Complementary tools in the Go JSON ecosystem

The standard library’s encoding/json handles the vast majority of use cases. For high-throughput services where JSON parsing is a measurable bottleneck, json-iterator/go is a drop-in replacement that uses the same API but runs significantly faster. For cases where you need to read a single field from a large JSON blob without unmarshalling the whole thing, gjson provides path-based querying. And for situations where you’re working with map[string]interface{} data (common when dealing with arbitrary config), mapstructure decodes maps into typed structs using reflection.

Before running any of these against a JSON sample, validate the JSON first.
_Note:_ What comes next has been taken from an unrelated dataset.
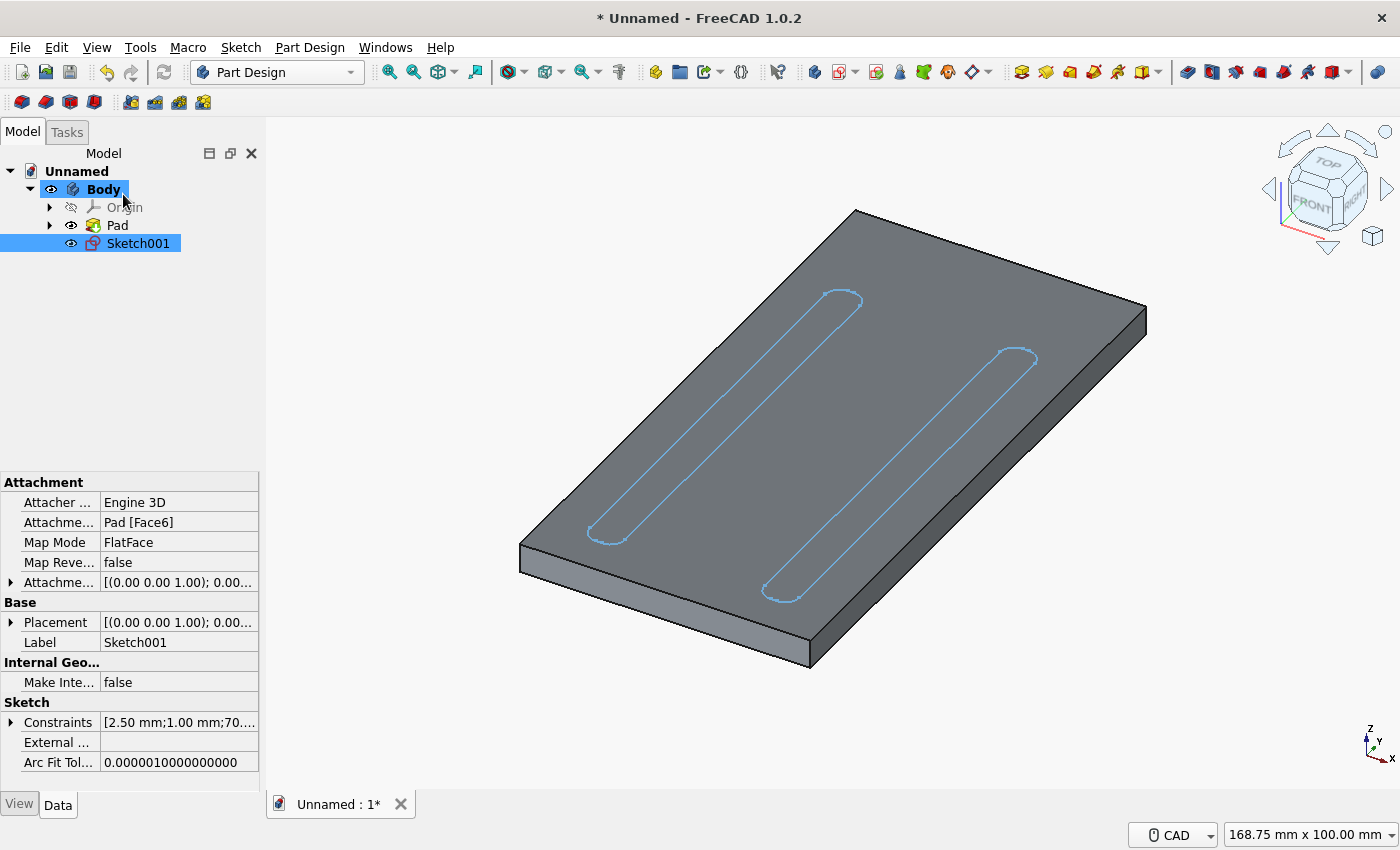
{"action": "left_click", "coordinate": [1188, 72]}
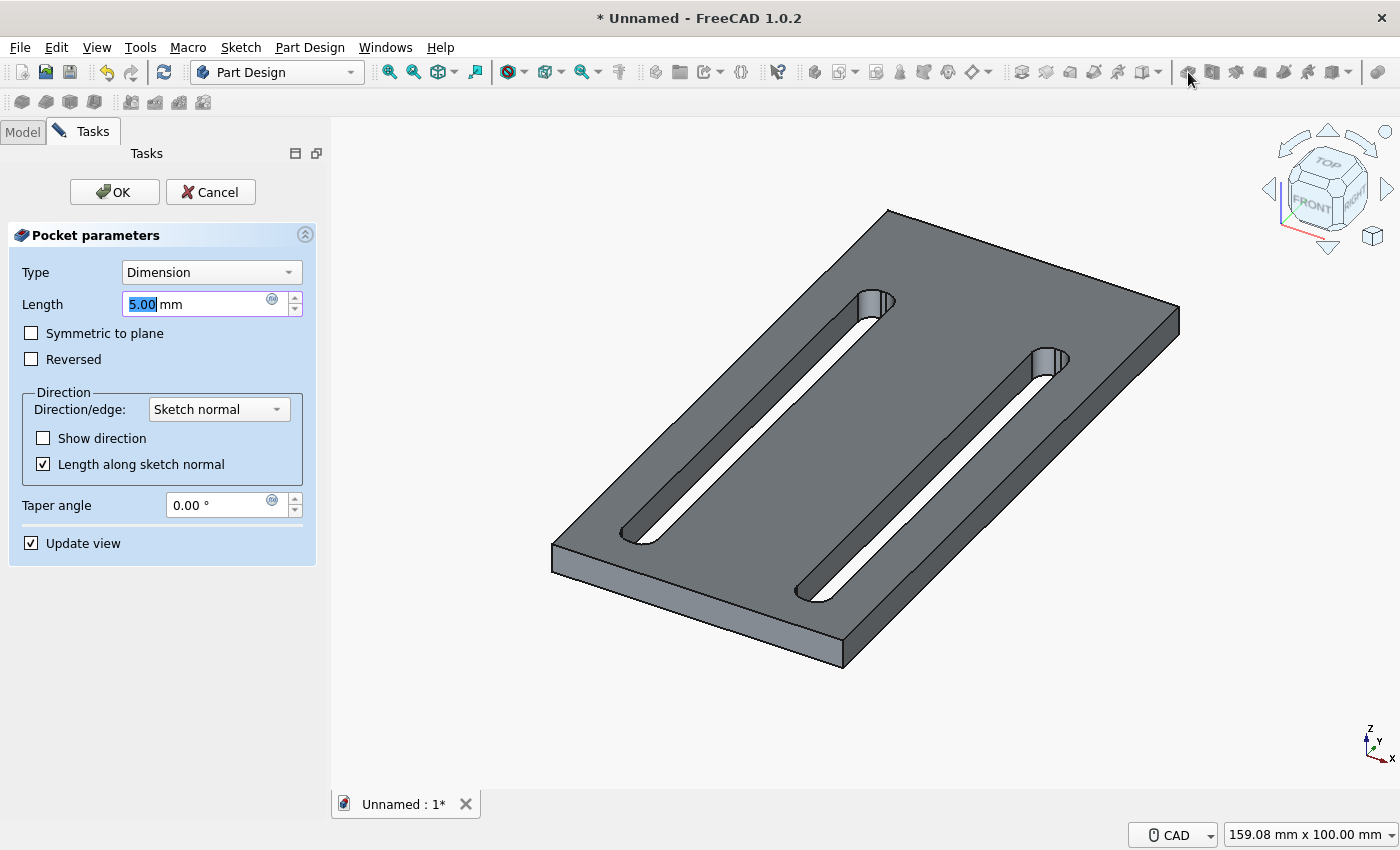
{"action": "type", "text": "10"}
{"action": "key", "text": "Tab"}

A missing comma or unmatched bracket produces silently wrong generator output — the generator will either error or misinterpret the structure. Use the JSON Formatter to confirm your sample is valid before generating structs from it.

The workflow is simple: validate JSON, generate the struct, review the inferred types for edge cases like large integers or nullable fields, then add any additional struct tags your project needs. What used to take five minutes of careful typing takes five seconds.